// bdlb_pcgrandomgenerator.h -*-C++-*-
#ifndef INCLUDED_BDLB_PCGRANDOMGENERATOR
#define INCLUDED_BDLB_PCGRANDOMGENERATOR
#include <bsls_ident.h>
BSLS_IDENT("$Id: $")
//@PURPOSE: Provide a class to generate random numbers using the PCG algorithm.
//
//@CLASSES:
// bdlb::PcgRandomGenerator: PCG-based random number generator (RNG)
//
//@SEE_ALSO: bdlb_random
//
//@DESCRIPTION: This component provides a single mechanism class,
// 'bdlb::PcgRandomGenerator', that is used to generate random numbers
// employing the PCG algorithm, a high-performance, high-quality RNG. PCG
// stands for "permuted congruential generator" (see http://www.pcg-random.org
// for details). The PCG technique employs the concepts of permutation
// functions on tuples and a base linear congruential generator. The PCG
// algorithm is seeded with two values: its initial state and a "stream
// selector." The stream selector is intended to address a potential hazard of
// multiple instances of a random number generator having unintended
// correlation between their outputs. For example, if we allow them to have
// the same internal state (e.g., mistakenly seeding them with the current time
// in seconds), they will output the exact same sequence of numbers. Employing
// a stream selector enables the same initial state to generate unique
// sequences. Free operators '==' and '!=' provide the operational definition
// of value.
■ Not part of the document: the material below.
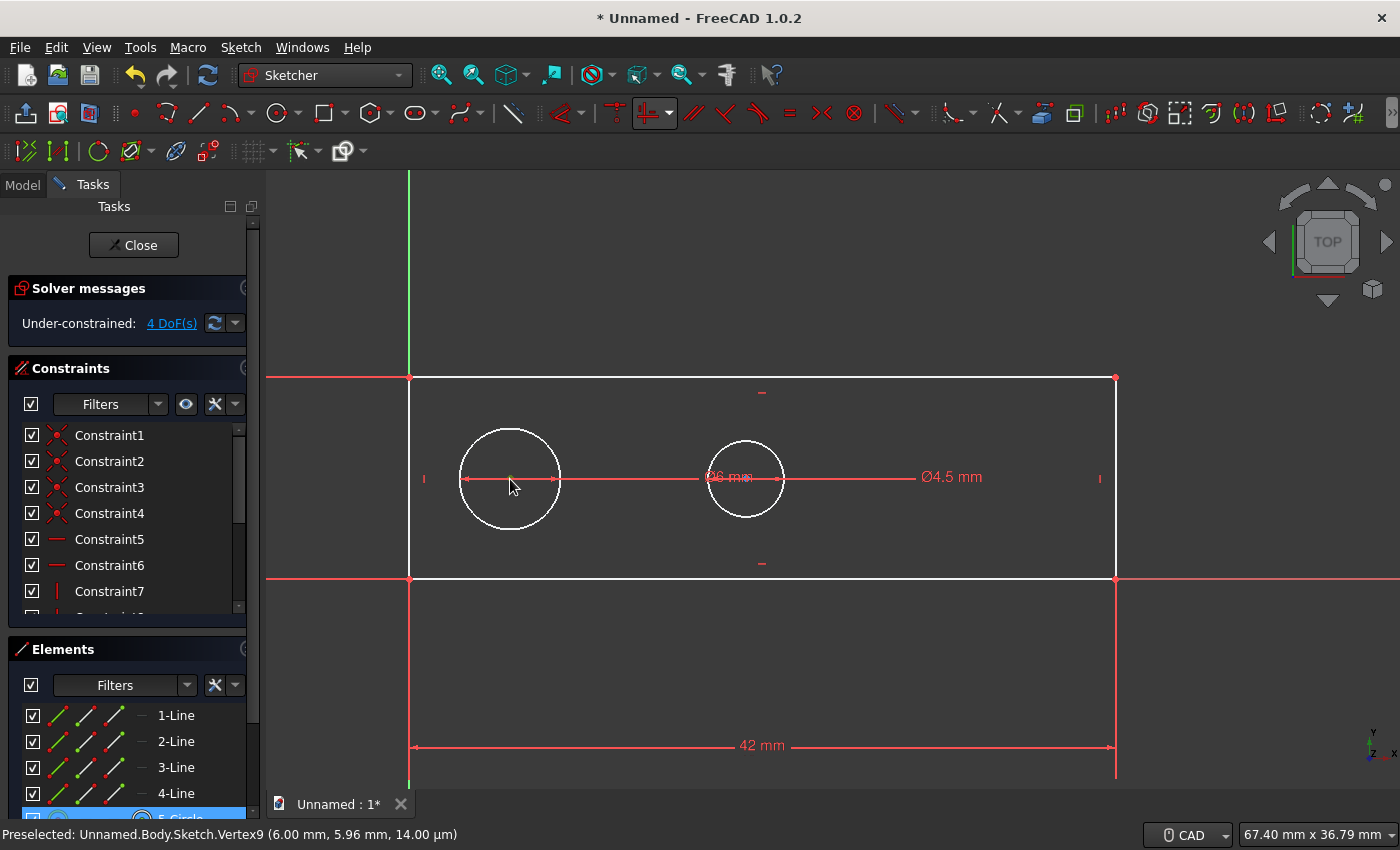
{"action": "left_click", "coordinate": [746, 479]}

Refer to O'Neill (2014) at
// https://www.pcg-random.org/pdf/hmc-cs-2014-0905.pdf for details.
//
//
///Usage
///-----
// This section illustrates intended use of this component.
//
///Example 1: Simulating a Pair of Dice
/// - - - - - - - - - - - - - - - - - -
// This example shows how one might use 'bdlb::PcgRandomGenerator' to create
// and use a class to simulate the roll of a single die in a game, such as
// craps, that uses dice.
//
// First, we define the 'Die' class itself:
//..
// // =========
// // class Die
// // =========
//
// class Die {
//
// // DATA
// bdlb::PcgRandomGenerator d_pcg;
// // used to generate next role of this die
//
// public:
// // CREATORS
// Die(bsl::uint64_t initialState, bsl::uint64_t streamSelector);
// // Create an object used to simulate a single die, using the
// // specified 'initialState' and 'streamSelector'.
//
// // MANIPULATORS
// int roll();
// // Return the next pseudo-random value in the range '[1 .. 6]',
// // based on the sequence of values established by the
// // 'initialState' and 'streamSelector' values supplied at
// // construction.
// };
//
// // ---------
// // class Die
// // ---------
//
// // CREATORS
// inline
// Die::Die(bsl::uint64_t initialState, bsl::uint64_t streamSelector)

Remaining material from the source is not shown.